Activity: Search the listing below for the word "high" and return each line that contains it.
Exercise data: Begin
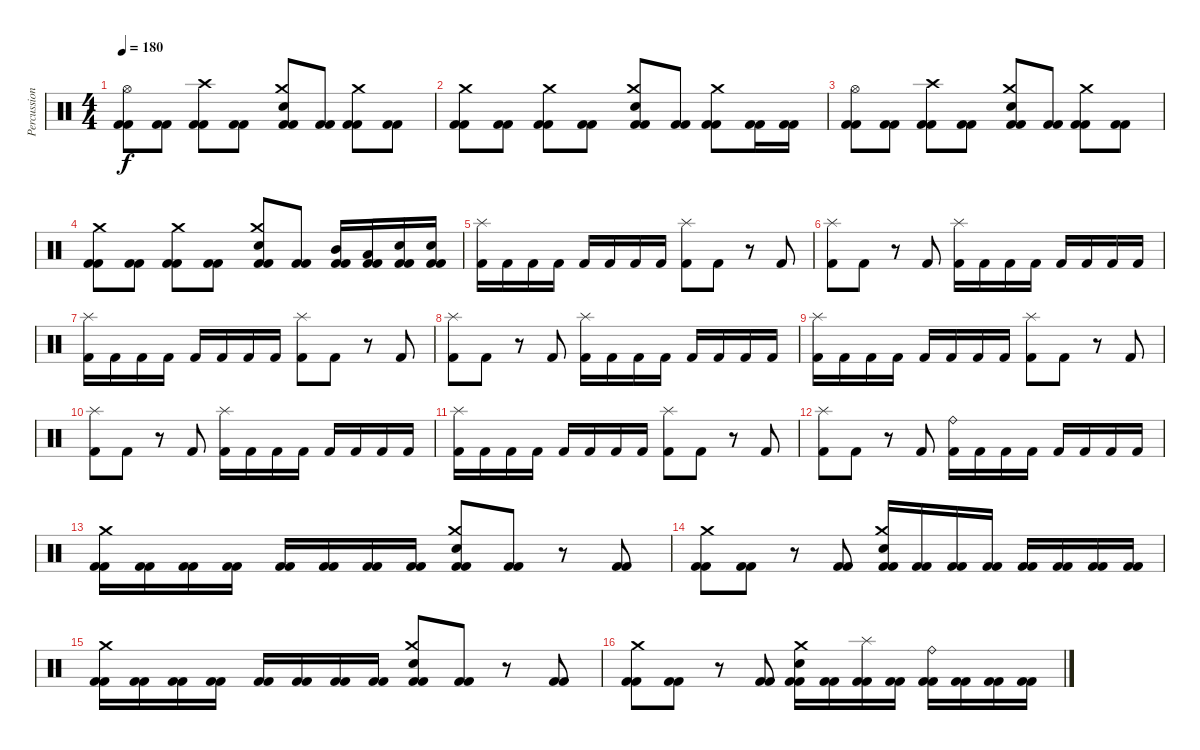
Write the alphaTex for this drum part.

\track ("Percussion" "Percussion") {instrument percussion}
\staff {score}
\articulation defaults
\ts (4 4)
\tempo 180
\clef neutral
\ks c
("Hi-Hat (open)" "Kick (hit) 2" "Kick (hit) 2").8{dy f} ("Kick (hit) 2" "Kick (hit) 2").8 ("Crash high (hit)" "Kick (hit) 2" "Kick (hit) 2").8 ("Kick (hit) 2" "Kick (hit) 2").8 ("Crash medium (hit)" "Electric Snare (hit)" "Kick (hit) 2" "Kick (hit) 2").8 ("Kick (hit) 2" "Kick (hit) 2").8 ("Crash medium (hit)" "Kick (hit) 2" "Kick (hit) 2").8 ("Kick (hit) 2" "Kick (hit) 2").8 |
("Crash medium (hit)" "Kick (hit) 2" "Kick (hit) 2").8 ("Kick (hit) 2" "Kick (hit) 2").8 ("Crash medium (hit)" "Kick (hit) 2" "Kick (hit) 2").8 ("Kick (hit) 2" "Kick (hit) 2").8 ("Crash medium (hit)" "Electric Snare (hit)" "Kick (hit) 2" "Kick (hit) 2").8 ("Kick (hit) 2" "Kick (hit) 2").8 ("Crash medium (hit)" "Kick (hit) 2" "Kick (hit) 2").8 ("Kick (hit) 2" "Kick (hit) 2").16 ("Kick (hit) 2" "Kick (hit) 2").16 |
("Hi-Hat (open)" "Kick (hit) 2" "Kick (hit) 2").8 ("Kick (hit) 2" "Kick (hit) 2").8 ("Crash high (hit)" "Kick (hit) 2" "Kick (hit) 2").8 ("Kick (hit) 2" "Kick (hit) 2").8 ("Crash medium (hit)" "Electric Snare (hit)" "Kick (hit) 2" "Kick (hit) 2").8 ("Kick (hit) 2" "Kick (hit) 2").8 ("Crash medium (hit)" "Kick (hit) 2" "Kick (hit) 2").8 ("Kick (hit) 2" "Kick (hit) 2").8 |
("Crash medium (hit)" "Kick (hit) 2" "Kick (hit) 2").8 ("Kick (hit) 2" "Kick (hit) 2").8 ("Crash medium (hit)" "Kick (hit) 2" "Kick (hit) 2").8 ("Kick (hit) 2" "Kick (hit) 2").8 ("Crash medium (hit)" "Electric Snare (hit)" "Kick (hit) 2" "Kick (hit) 2").8 ("Kick (hit) 2" "Kick (hit) 2").8 ("Mid Tom (hit)" "Kick (hit) 2" "Kick (hit) 2").16 ("Low Tom (hit)" "Kick (hit) 2" "Kick (hit) 2").16 ("Electric Snare (hit)" "Kick (hit) 2" "Kick (hit) 2").16 ("Electric Snare (hit)" "Kick (hit) 2" "Kick (hit) 2").16 |
("Splash (hit)" "Kick (hit) 2").16 "Kick (hit) 2".16 "Kick (hit) 2".16 "Kick (hit) 2".16 "Kick (hit) 2".16 "Kick (hit) 2".16 "Kick (hit) 2".16 "Kick (hit) 2".16 ("Splash (hit)" "Kick (hit) 2").8 "Kick (hit) 2".8 r.8 "Kick (hit) 2".8 |
("Splash (hit)" "Kick (hit) 2").8 "Kick (hit) 2".8 r.8 "Kick (hit) 2".8 ("Splash (hit)" "Kick (hit) 2").16 "Kick (hit) 2".16 "Kick (hit) 2".16 "Kick (hit) 2".16 "Kick (hit) 2".16 "Kick (hit) 2".16 "Kick (hit) 2".16 "Kick (hit) 2".16 |
("Splash (hit)" "Kick (hit) 2").16 "Kick (hit) 2".16 "Kick (hit) 2".16 "Kick (hit) 2".16 "Kick (hit) 2".16 "Kick (hit) 2".16 "Kick (hit) 2".16 "Kick (hit) 2".16 ("Splash (hit)" "Kick (hit) 2").8 "Kick (hit) 2".8 r.8 "Kick (hit) 2".8 |
("Splash (hit)" "Kick (hit) 2").8 "Kick (hit) 2".8 r.8 "Kick (hit) 2".8 ("Splash (hit)" "Kick (hit) 2").16 "Kick (hit) 2".16 "Kick (hit) 2".16 "Kick (hit) 2".16 "Kick (hit) 2".16 "Kick (hit) 2".16 "Kick (hit) 2".16 "Kick (hit) 2".16 |
("Splash (hit)" "Kick (hit) 2").16 "Kick (hit) 2".16 "Kick (hit) 2".16 "Kick (hit) 2".16 "Kick (hit) 2".16 "Kick (hit) 2".16 "Kick (hit) 2".16 "Kick (hit) 2".16 ("Splash (hit)" "Kick (hit) 2").8 "Kick (hit) 2".8 r.8 "Kick (hit) 2".8 |
("Splash (hit)" "Kick (hit) 2").8 "Kick (hit) 2".8 r.8 "Kick (hit) 2".8 ("Splash (hit)" "Kick (hit) 2").16 "Kick (hit) 2".16 "Kick (hit) 2".16 "Kick (hit) 2".16 "Kick (hit) 2".16 "Kick (hit) 2".16 "Kick (hit) 2".16 "Kick (hit) 2".16 |
("Splash (hit)" "Kick (hit) 2").16 "Kick (hit) 2".16 "Kick (hit) 2".16 "Kick (hit) 2".16 "Kick (hit) 2".16 "Kick (hit) 2".16 "Kick (hit) 2".16 "Kick (hit) 2".16 ("Splash (hit)" "Kick (hit) 2").8 "Kick (hit) 2".8 r.8 "Kick (hit) 2".8 |
("Splash (hit)" "Kick (hit) 2").8 "Kick (hit) 2".8 r.8 "Kick (hit) 2".8 ("Ride (bell)" "Kick (hit) 2").16 "Kick (hit) 2".16 "Kick (hit) 2".16 "Kick (hit) 2".16 "Kick (hit) 2".16 "Kick (hit) 2".16 "Kick (hit) 2".16 "Kick (hit) 2".16 |
("Crash medium (hit)" "Kick (hit) 2" "Kick (hit) 2").16 ("Kick (hit) 2" "Kick (hit) 2").16 ("Kick (hit) 2" "Kick (hit) 2").16 ("Kick (hit) 2" "Kick (hit) 2").16 ("Kick (hit) 2" "Kick (hit) 2").16 ("Kick (hit) 2" "Kick (hit) 2").16 ("Kick (hit) 2" "Kick (hit) 2").16 ("Kick (hit) 2" "Kick (hit) 2").16 ("Crash medium (hit)" "Electric Snare (hit)" "Kick (hit) 2" "Kick (hit) 2").8 ("Kick (hit) 2" "Kick (hit) 2").8 r.8 ("Kick (hit) 2" "Kick (hit) 2").8 |
("Crash medium (hit)" "Kick (hit) 2" "Kick (hit) 2").8 ("Kick (hit) 2" "Kick (hit) 2").8 r.8 ("Kick (hit) 2" "Kick (hit) 2").8 ("Crash medium (hit)" "Electric Snare (hit)" "Kick (hit) 2" "Kick (hit) 2").16 ("Kick (hit) 2" "Kick (hit) 2").16 ("Kick (hit) 2" "Kick (hit) 2").16 ("Kick (hit) 2" "Kick (hit) 2").16 ("Kick (hit) 2" "Kick (hit) 2").16 ("Kick (hit) 2" "Kick (hit) 2").16 ("Kick (hit) 2" "Kick (hit) 2").16 ("Kick (hit) 2" "Kick (hit) 2").16 |
("Crash medium (hit)" "Kick (hit) 2" "Kick (hit) 2").16 ("Kick (hit) 2" "Kick (hit) 2").16 ("Kick (hit) 2" "Kick (hit) 2").16 ("Kick (hit) 2" "Kick (hit) 2").16 ("Kick (hit) 2" "Kick (hit) 2").16 ("Kick (hit) 2" "Kick (hit) 2").16 ("Kick (hit) 2" "Kick (hit) 2").16 ("Kick (hit) 2" "Kick (hit) 2").16 ("Crash medium (hit)" "Electric Snare (hit)" "Kick (hit) 2" "Kick (hit) 2").8 ("Kick (hit) 2" "Kick (hit) 2").8 r.8 ("Kick (hit) 2" "Kick (hit) 2").8 |
("Crash medium (hit)" "Kick (hit) 2" "Kick (hit) 2").8 ("Kick (hit) 2" "Kick (hit) 2").8 r.8 ("Kick (hit) 2" "Kick (hit) 2").8 ("Crash medium (hit)" "Electric Snare (hit)" "Kick (hit) 2" "Kick (hit) 2").16 ("Kick (hit) 2" "Kick (hit) 2").16 ("Splash (hit)" "Kick (hit) 2" "Kick (hit) 2").16 ("Kick (hit) 2" "Kick (hit) 2").16 ("Ride (bell)" "Kick (hit) 2" "Kick (hit) 2").16 ("Kick (hit) 2" "Kick (hit) 2").16 ("Kick (hit) 2" "Kick (hit) 2").16 ("Kick (hit) 2" "Kick (hit) 2").16
Exercise data: End
Completed exercise:
("Hi-Hat (open)" "Kick (hit) 2" "Kick (hit) 2").8{dy f} ("Kick (hit) 2" "Kick (hit) 2").8 ("Crash high (hit)" "Kick (hit) 2" "Kick (hit) 2").8 ("Kick (hit) 2" "Kick (hit) 2").8 ("Crash medium (hit)" "Electric Snare (hit)" "Kick (hit) 2" "Kick (hit) 2").8 ("Kick (hit) 2" "Kick (hit) 2").8 ("Crash medium (hit)" "Kick (hit) 2" "Kick (hit) 2").8 ("Kick (hit) 2" "Kick (hit) 2").8 |
("Hi-Hat (open)" "Kick (hit) 2" "Kick (hit) 2").8 ("Kick (hit) 2" "Kick (hit) 2").8 ("Crash high (hit)" "Kick (hit) 2" "Kick (hit) 2").8 ("Kick (hit) 2" "Kick (hit) 2").8 ("Crash medium (hit)" "Electric Snare (hit)" "Kick (hit) 2" "Kick (hit) 2").8 ("Kick (hit) 2" "Kick (hit) 2").8 ("Crash medium (hit)" "Kick (hit) 2" "Kick (hit) 2").8 ("Kick (hit) 2" "Kick (hit) 2").8 |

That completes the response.